No Brasil, o queijo associou-se formalmente aos doces, ainda espanto na Europa quando um brasileiro alude saudosamente ao companheiro do queijo, servido sozinho, com vinho tinto. Queijo e bananas tornaram-se prato "nacional", tão comum e regular que von Martius admirava-se de sua ausência no Belém do Pará de 1819: – "Ao contrário das províncias do Sul, aqui quase não se come a banana com o queijo nacional, alimento tão agradável, quanto adequado ao clima".

Apenas mineiros e sertanejos nordestinos, do ciclo pastoril, comem o queijo solitário. Melhor dizer, comiam, porque de muitos anos para cá, o queijo pede complemento direto e não pode constituir oração completa. Há mesmo o mineiro com botas, goiabada, queijo e bananas. Mas no sertão o queijo era, quase sempre, assado e, nas fazendas de fortuna mediana em diante, saboreado com farofa de ovos duros, sal, manteiga da terra, meio insossa. O estrangeiro ainda pode comer o queijo e depois beber o copo de vinho. Um bom brasileiro jamais o fará.

Essa presença do queijo ralado em doces, sopas, massas de farinha de trigo, não é portuguesa, e não podia ter vindo de indígenas e negros africanos, desconhecedores do queijo. Até prova
expressa em contrário, devemo-la ao italiano.

Um episódo verídico comprovará a impossibilidade de um brasileiro do povo admitir que o queijo possa ser comido sem acompanhamento.
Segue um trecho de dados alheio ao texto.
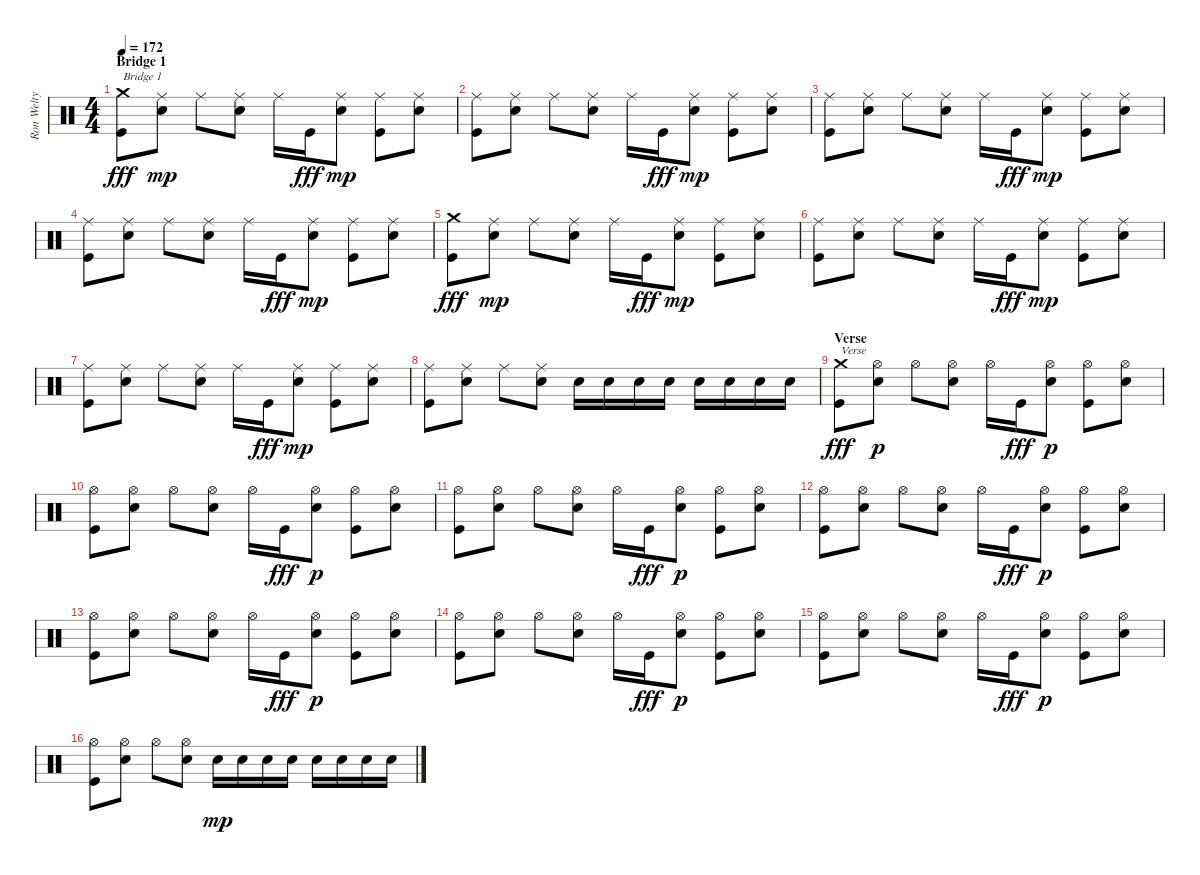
\track ("Ron Welty (John Wnek's tab)" "Ron Welty ") {instrument percussion}
\staff {score}
\articulation defaults
\ts (4 4)
\section ("" "Bridge 1")
\tempo 172
\clef neutral
\ks c
("Crash medium (hit)" "Kick (hit)").8{txt "Bridge 1" dy fff} ("Snare (hit) 2" "Ride (middle)").8{dy mp} "Ride (middle)".8 ("Snare (hit) 2" "Ride (middle)").8 "Ride (middle)".16 "Kick (hit)".16{dy fff} ("Snare (hit) 2" "Ride (middle)").8{dy mp} ("Kick (hit)" "Ride (middle)").8 ("Snare (hit) 2" "Ride (middle)").8 |
("Kick (hit)" "Ride (middle)").8 ("Snare (hit) 2" "Ride (middle)").8 "Ride (middle)".8 ("Snare (hit) 2" "Ride (middle)").8 "Ride (middle)".16 "Kick (hit)".16{dy fff} ("Snare (hit) 2" "Ride (middle)").8{dy mp} ("Kick (hit)" "Ride (middle)").8 ("Snare (hit) 2" "Ride (middle)").8 |
("Kick (hit)" "Ride (middle)").8 ("Snare (hit) 2" "Ride (middle)").8 "Ride (middle)".8 ("Snare (hit) 2" "Ride (middle)").8 "Ride (middle)".16 "Kick (hit)".16{dy fff} ("Snare (hit) 2" "Ride (middle)").8{dy mp} ("Kick (hit)" "Ride (middle)").8 ("Snare (hit) 2" "Ride (middle)").8 |
("Kick (hit)" "Ride (middle)").8 ("Snare (hit) 2" "Ride (middle)").8 "Ride (middle)".8 ("Snare (hit) 2" "Ride (middle)").8 "Ride (middle)".16 "Kick (hit)".16{dy fff} ("Snare (hit) 2" "Ride (middle)").8{dy mp} ("Kick (hit)" "Ride (middle)").8 ("Snare (hit) 2" "Ride (middle)").8 |
("Crash medium (hit)" "Kick (hit)").8{dy fff} ("Snare (hit) 2" "Ride (middle)").8{dy mp} "Ride (middle)".8 ("Snare (hit) 2" "Ride (middle)").8 "Ride (middle)".16 "Kick (hit)".16{dy fff} ("Snare (hit) 2" "Ride (middle)").8{dy mp} ("Kick (hit)" "Ride (middle)").8 ("Snare (hit) 2" "Ride (middle)").8 |
("Kick (hit)" "Ride (middle)").8 ("Snare (hit) 2" "Ride (middle)").8 "Ride (middle)".8 ("Snare (hit) 2" "Ride (middle)").8 "Ride (middle)".16 "Kick (hit)".16{dy fff} ("Snare (hit) 2" "Ride (middle)").8{dy mp} ("Kick (hit)" "Ride (middle)").8 ("Snare (hit) 2" "Ride (middle)").8 |
("Kick (hit)" "Ride (middle)").8 ("Snare (hit) 2" "Ride (middle)").8 "Ride (middle)".8 ("Snare (hit) 2" "Ride (middle)").8 "Ride (middle)".16 "Kick (hit)".16{dy fff} ("Snare (hit) 2" "Ride (middle)").8{dy mp} ("Kick (hit)" "Ride (middle)").8 ("Snare (hit) 2" "Ride (middle)").8 |
("Kick (hit)" "Ride (middle)").8 ("Snare (hit) 2" "Ride (middle)").8 "Ride (middle)".8 ("Snare (hit) 2" "Ride (middle)").8 "Snare (hit) 2".16 "Snare (hit) 2".16 "Snare (hit) 2".16 "Snare (hit) 2".16 "Snare (hit) 2".16 "Snare (hit) 2".16 "Snare (hit) 2".16 "Snare (hit) 2".16 |
\section ("" "Verse")
("Crash medium (hit)" "Kick (hit)").8{txt "Verse" dy fff} ("Snare (hit) 2" "Hi-Hat (open)").8{dy p} "Hi-Hat (open)".8 ("Snare (hit) 2" "Hi-Hat (open)").8 "Hi-Hat (open)".16 "Kick (hit)".16{dy fff} ("Snare (hit) 2" "Hi-Hat (open)").8{dy p} ("Kick (hit)" "Hi-Hat (open)").8 ("Snare (hit) 2" "Hi-Hat (open)").8 |
("Kick (hit)" "Hi-Hat (open)").8 ("Snare (hit) 2" "Hi-Hat (open)").8 "Hi-Hat (open)".8 ("Snare (hit) 2" "Hi-Hat (open)").8 "Hi-Hat (open)".16 "Kick (hit)".16{dy fff} ("Snare (hit) 2" "Hi-Hat (open)").8{dy p} ("Kick (hit)" "Hi-Hat (open)").8 ("Snare (hit) 2" "Hi-Hat (open)").8 |
("Kick (hit)" "Hi-Hat (open)").8 ("Snare (hit) 2" "Hi-Hat (open)").8 "Hi-Hat (open)".8 ("Snare (hit) 2" "Hi-Hat (open)").8 "Hi-Hat (open)".16 "Kick (hit)".16{dy fff} ("Snare (hit) 2" "Hi-Hat (open)").8{dy p} ("Kick (hit)" "Hi-Hat (open)").8 ("Snare (hit) 2" "Hi-Hat (open)").8 |
("Kick (hit)" "Hi-Hat (open)").8 ("Snare (hit) 2" "Hi-Hat (open)").8 "Hi-Hat (open)".8 ("Snare (hit) 2" "Hi-Hat (open)").8 "Hi-Hat (open)".16 "Kick (hit)".16{dy fff} ("Snare (hit) 2" "Hi-Hat (open)").8{dy p} ("Kick (hit)" "Hi-Hat (open)").8 ("Snare (hit) 2" "Hi-Hat (open)").8 |
("Kick (hit)" "Hi-Hat (open)").8 ("Snare (hit) 2" "Hi-Hat (open)").8 "Hi-Hat (open)".8 ("Snare (hit) 2" "Hi-Hat (open)").8 "Hi-Hat (open)".16 "Kick (hit)".16{dy fff} ("Snare (hit) 2" "Hi-Hat (open)").8{dy p} ("Kick (hit)" "Hi-Hat (open)").8 ("Snare (hit) 2" "Hi-Hat (open)").8 |
("Kick (hit)" "Hi-Hat (open)").8 ("Snare (hit) 2" "Hi-Hat (open)").8 "Hi-Hat (open)".8 ("Snare (hit) 2" "Hi-Hat (open)").8 "Hi-Hat (open)".16 "Kick (hit)".16{dy fff} ("Snare (hit) 2" "Hi-Hat (open)").8{dy p} ("Kick (hit)" "Hi-Hat (open)").8 ("Snare (hit) 2" "Hi-Hat (open)").8 |
("Kick (hit)" "Hi-Hat (open)").8 ("Snare (hit) 2" "Hi-Hat (open)").8 "Hi-Hat (open)".8 ("Snare (hit) 2" "Hi-Hat (open)").8 "Hi-Hat (open)".16 "Kick (hit)".16{dy fff} ("Snare (hit) 2" "Hi-Hat (open)").8{dy p} ("Kick (hit)" "Hi-Hat (open)").8 ("Snare (hit) 2" "Hi-Hat (open)").8 |
("Kick (hit)" "Hi-Hat (open)").8 ("Snare (hit) 2" "Hi-Hat (open)").8 "Hi-Hat (open)".8 ("Snare (hit) 2" "Hi-Hat (open)").8 "Snare (hit) 2".16{dy mp} "Snare (hit) 2".16 "Snare (hit) 2".16 "Snare (hit) 2".16 "Snare (hit) 2".16 "Snare (hit) 2".16 "Snare (hit) 2".16 "Snare (hit) 2".16
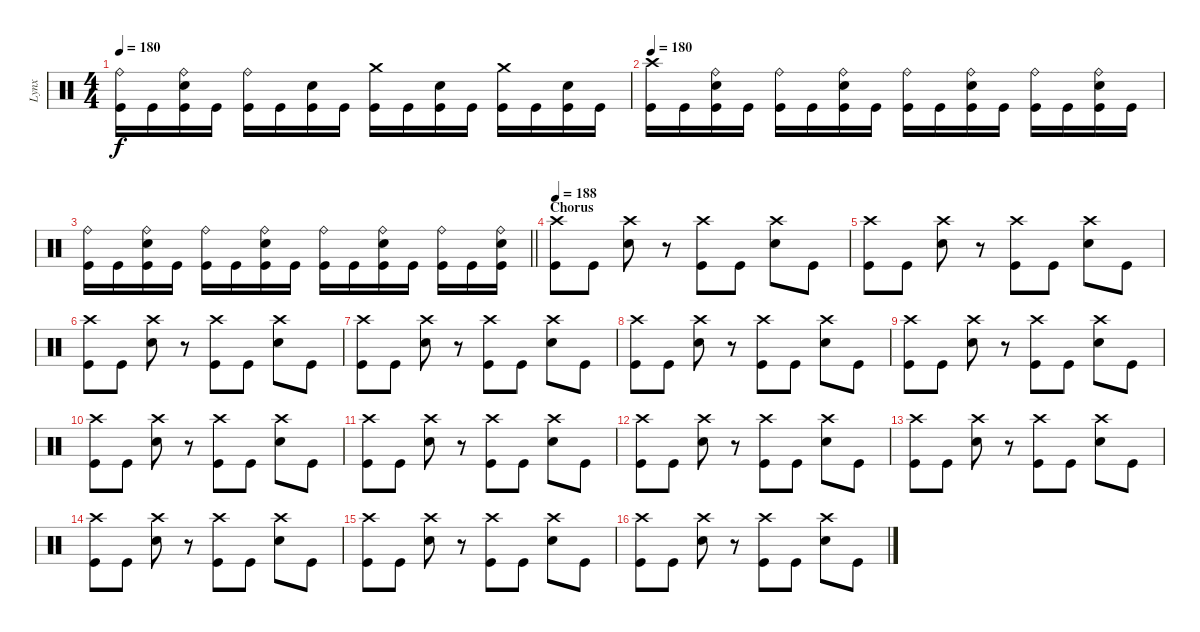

Por volta de 1940, João Peretti dava-me uma merenda em sua casa de Caxangá, no Recife (516). Serviço de velha porcelana brasonada, cristais da Boêmia, vinhos franceses, conjunto delicado de coisas deliciosas. Estavam presentes D. João de Orleans e Bragança, Públio Dias e Guilherme Áuler, médicos e eu. João Peretti avisou-nos haver um famoso pé-de-moleque, feito com os rigores da tradição pernambucana. O criado, negro, alto, sisudo, obedecia aos olhares e gestos discretos do anfitrião. Bandeja com infinidade de queijos da França, Itália, Holanda, Portugal. Pusemos um pedaço no prato. O telefone toca e Peretti foi atender. O criado, impossível e grave, olhou-nos com surpresa e, sem vacilar, serviu-nos de uma vasta tora do "pé-de-moleque" junto ao mais aristocrático dos queijos franceses. Não compreendia queijo sem mais alguma coisa. Volta Peretti, com seu ar de gentil-homem apressado, e vê nos nossos pratos o queijo e o "pé-de-moleque", hurlaient de se trower ensemble, e ergue lentamente os braços para o alto, num mudo desespero irreprimível.

Rimos o resto da tarde. E brasileiramente não dispensamos de comer o queijo com o pé-de-moleque e Bourgogne.

A cozinha da Itália, nos seus pratos mais populares e tradicionais, o básico macarrão e parentes na espécie, integrou-se na alimentação normal brasileira, caminhando sempre para uma maior expansão no gosto coletivo. Prisioneiro em Santa Helena, dizia Napoleão em 1819 ao dr. Antommarchi seus pratos favoritos. Eram todos italianos, de Gênova, Milão, Córsega. Não mencionou uma única iguaria de sua pátria, oficial e querida. O corso de Ajaccio vencia o Imperador dos Franceses.